This is a code-only deployment of a production end-to-end machine learning pipeline inclusive of MLOps on AWS using:
- Terraform (infra coordination) - VPC, ECR, ECS, Fargate, S3, IAM, CloudWatch
- Github Actions with AWS OIDC (CI/CD) - Auto-deployment of images to ECR on successful main branch commit
- Docker + ECS (Fargate first, EC2-ready)
- SageMaker for training/hosting
- Docker Airflow & MWAA (AWS Managed Airflow) for orchestration
The Makefile has automated a ton of the build steps.

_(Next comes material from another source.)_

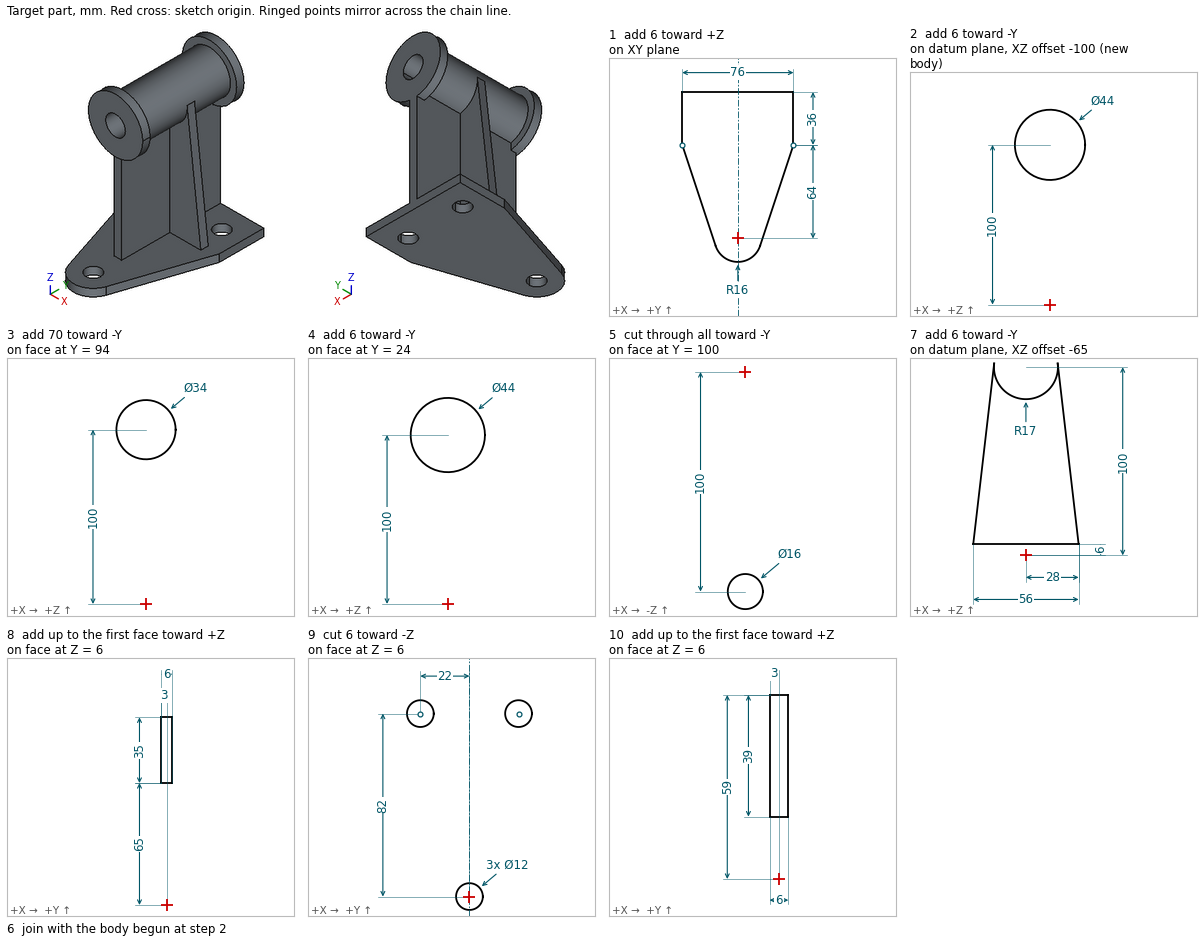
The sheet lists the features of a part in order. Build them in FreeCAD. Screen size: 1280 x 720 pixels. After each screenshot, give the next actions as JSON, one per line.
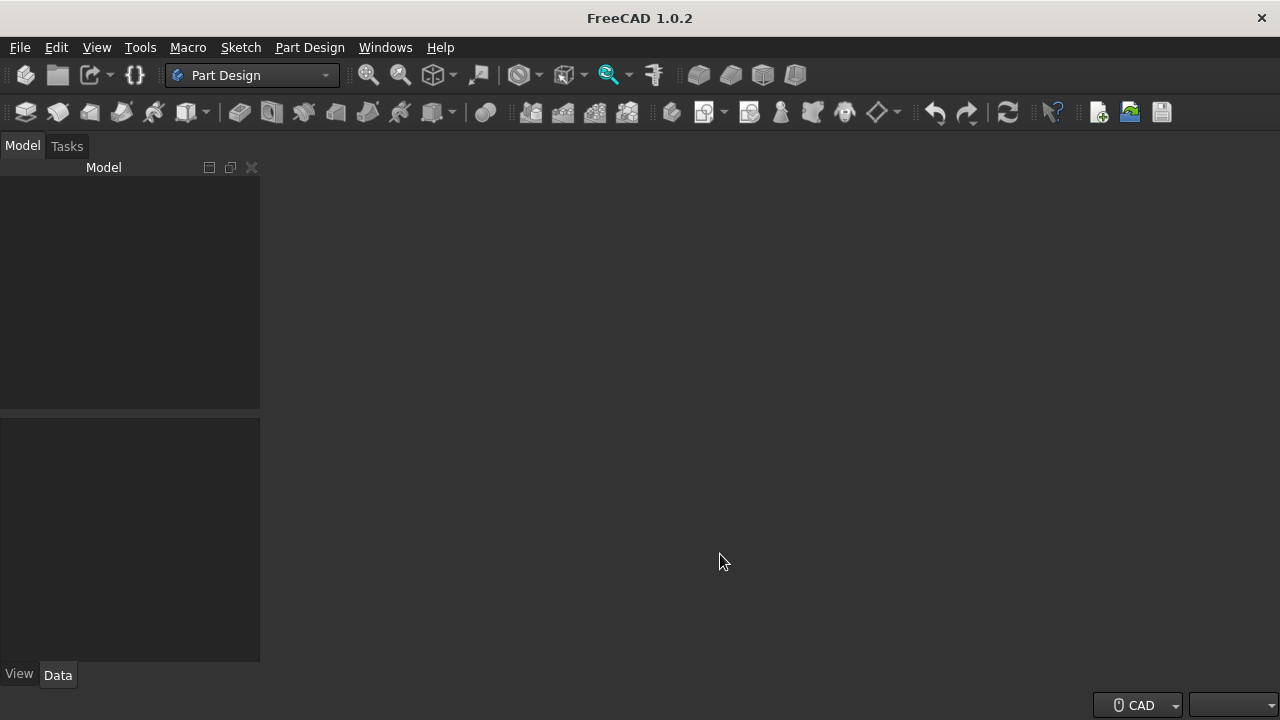
{"action": "key", "text": "ctrl+n"}

# 1. Start in project root, creates virtual env (.venv) & installs requirements
$ cd ml-prod-pipeline
$ make setup
>>
(.venv folder now in root directory)
# 2. set a .env folder at root folder level
$ cd ml-prod-pipeline
$ touch .env
$ nano .env
>>
# fill in
# AWS_ACCESS_KEY=xxxxxx
# AWS_SECRET_ACCESS_KEY=xxxxxx
# AWS_PROFILE=kevin_xxxx (this is a temp IAM User with admin privileges in AWS)
# AWS_REGION=us-west-x
# PREFIX=condor
# GITHUB_TOKEN=ghp_xxxxxxx
# make sure your aws configure is set locally with you IAM
$ aws configure --profile kevin_xxxx
# confirm aws configure made ~/.aws/credentials & ~/.aws/config correctly (you can manually set if not)
$ cd ~/.aws/
$ nano credentials
>>
# make sure to add the identical steps from your IAM role above
# [default]
# aws_access_key_id = xxxxxxxxxx
# aws_secret_access_key = xxxxxxxx
# Add IAM profile you created
# [kevin_xxxxxx]
# aws_access_key_id = xxxxxxxxxx
# aws_secret_access_key = xxxxxxxx
$ nano config
>>
#[default]
# region = us-west-2
# output = json
# [profile kevin_xxxx]
# region = us-west-2
# output = json
# quick spot-check creds were set correctly
$ make env-check
>>
# displays cred output
# 3. Set up terraform resources - VPC, ECR, ECS, etc.
$ make bootstrap
>> initializes terraform
$ make plan
>> shows terraform plan
$ make apply
>> applies terraform plan and deploys AWS resources
# 4. Build Docker images & push to ECR
$ make build-push
>> will see images inside AWS ECR
# 5. Create and send data to S3 buckets created by terraform
# NOTE: this step generates synthetic data to the bucket if there isn't any present so the example can run.
$ make prep-data
>>
Uploaded 10,000 rows to s3://condor-data-xxxx/features/condor_train_20xxxxx.csv
# 6. Create a sagemaker training job from that uploaded data
$ make sm-train
>>
🚀 Starting SageMaker training job: condor-xgb-xxx
{
"TrainingJobArn": "arn:aws:sagemaker:us-west-2:xxx:training-job/condor-xgb-xxx"
}
⏳ Waiting for training job condor-xgb-xxx to complete...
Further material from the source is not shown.